# Panasonic TC-65CX850U



## Robert Zohn (Aug 13, 2011)

Panasonic selected Value Electronics as their first authorized dealer for 2015! And we have the CX850U in our 2015 TV Shootout evaluation event!

-Robert


----------



## RayK (May 3, 2013)

When will you conduct the shootout? 

Have you started a thread for the shootout on this forum or another?


----------



## Robert Zohn (Aug 13, 2011)

Our TV Shootout is broadcasting live right now and will be on again at 5pm EST. Here's the link to our live webcast.

Todd Anderson also started a thread on this forum.

Enjoy!

-Robert


----------



## Robert Zohn (Aug 13, 2011)

Sorry to see this excellent full array locally dimmed TV reach its end of production. This was one of my personal favorite high-end 4K TVs that features the very best color fidelity and very good screen uniformity among all other FALD flagship models for 2015.

Panasonic made the CX850U series future proof with HDR, WCG, full 10-bit panel and capable of the new digital PQ gamma. 
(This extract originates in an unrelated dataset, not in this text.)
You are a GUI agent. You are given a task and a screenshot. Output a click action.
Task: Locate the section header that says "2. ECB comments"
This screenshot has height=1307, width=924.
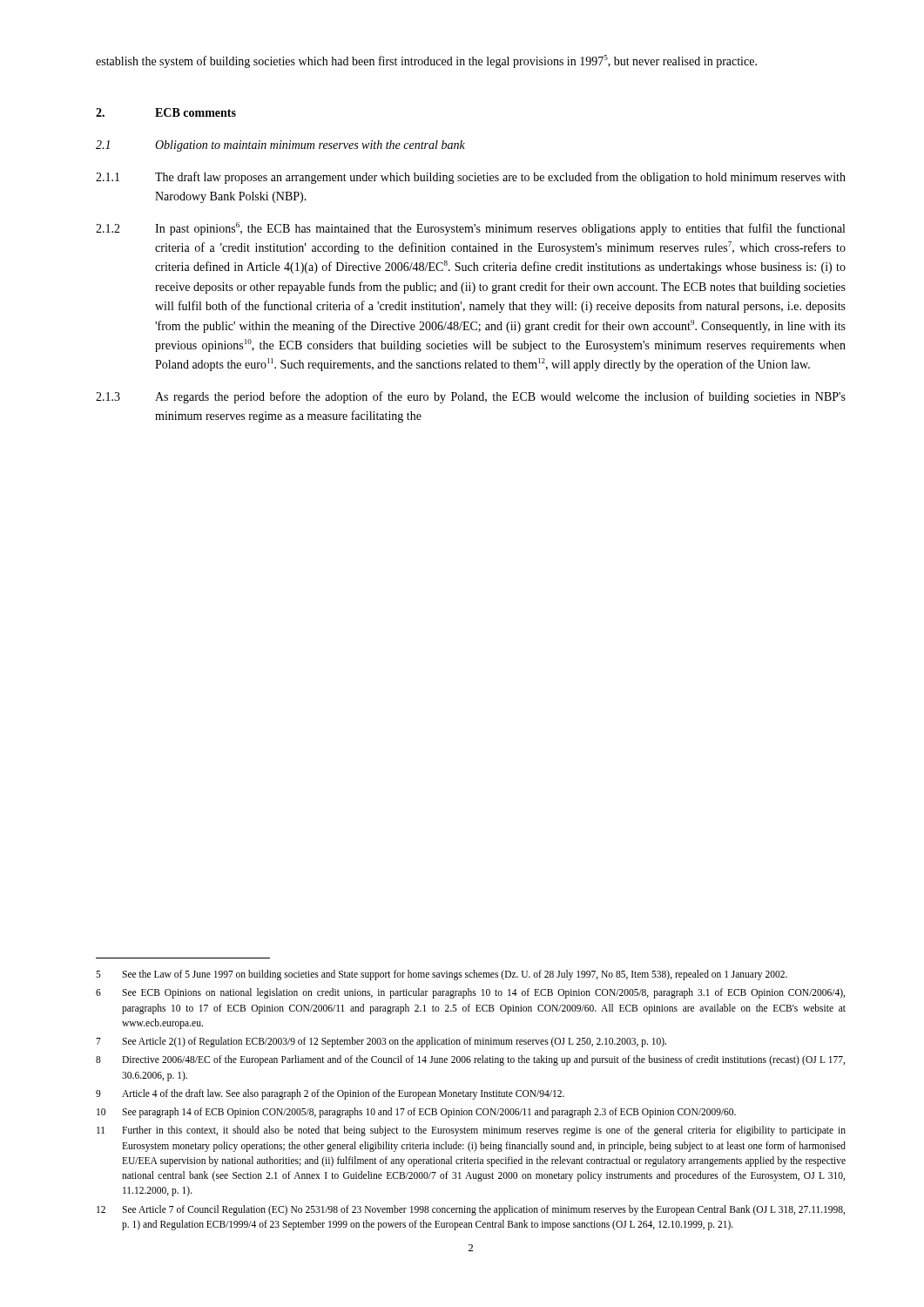click(166, 114)

Just a few left in our inventory and no more available from Panasonic. 

-Robert


----------



## Robert Zohn (Aug 13, 2011)

Just read this post on another forum and since I don't post their I felt it best to replay here so no one worries about the CX850U HDR update. Here's a cut and paste of the post:

_"Any new info on when we can expect the HDR update? It's nearing the end of the year and I thought we would have it for sure by now. Has me a little worried..."_

No manufacturer has updated their HDR ready TVs for the upcoming HDR-10 SMPTE standard that was adopted for Ultra HD BD. We are waiting for the content and players to launch so all is well and we have no reason to think otherwise.

-Robert


----------



## Judicas (Dec 14, 2015)

Hi I'm thinking of getting the TH-65CX800Z which is the same as the model your talking about in this thread, but has a different model name in New Zealand. I was wondering if the TX-55CX802B which has a review at avforums says has a 8-bit panel is the same or different to the 65" model your talking about having a 10-bit panel. 

I'm trying to decide between the CX800Z/CX850U and the Sony 65" X930C. I want the Panasonic but i'm trying to make sure I don't get a tv with out of date features (8-bit) for when UHD blu-rays start selling with HDR.


----------



## Robert Zohn (Aug 13, 2011)

Panasonic's USA CX800U is a 8-bit panel. Only the CX850U is a true 10-bit. Sony's X930C and the X940C are 10-bit panels.

-Robert


----------



## Judicas (Dec 14, 2015)

Ahh so the review I read for the 55" was for the USA CX800 which is 8-bit, thanks for helping clear that confusion up for me  

So since the USA CX850 is one of your personal favorites I assume you'd recommend that over the Sony X930C?


----------



## Robert Zohn (Aug 13, 2011)

Tough question. They both have different benefits. Here's a few differences:

- Better off axis viewing, Sony

- Better local dimming, Panasonic

- Better built-in audio, Sony

- Better blacks, Sony

Hope this helps.

-Robert


----------



## Judicas (Dec 14, 2015)

I watch a lot of Netflix, which I'll get to watch in 4k once I get one of these two sets. I also own 50+ blu-ray 3d titles and watch a lot of content from a USB hdd. The TV I currently have is the Pana Wt600 (first gen 4k) and similar to the CX850U you can plug / unplug the hdd easily. On the Sony I plugged it in then removed it (before realising there was an eject button on that tv) and when I went to plug it back in a few minutes later the TV recognised it but wouldn't read anything on it. Had to reset the TV to get it to again, probably wouldn't have happened if I had noticed the eject button though.

Would you recommend either for USB & 3d viewing over the other?


----------



## Robert Zohn (Aug 13, 2011)

Sorry to say I honestly don't know. I have not watched USB or 3D on either TV.


----------



## Judicas (Dec 14, 2015)

Hi again, there was one final tv that I hadn't looked at previously and that's the Samsung 65" JS9500. I personally quite like the look on that tv but how does it stack up to the Sony/Panasonic ?


----------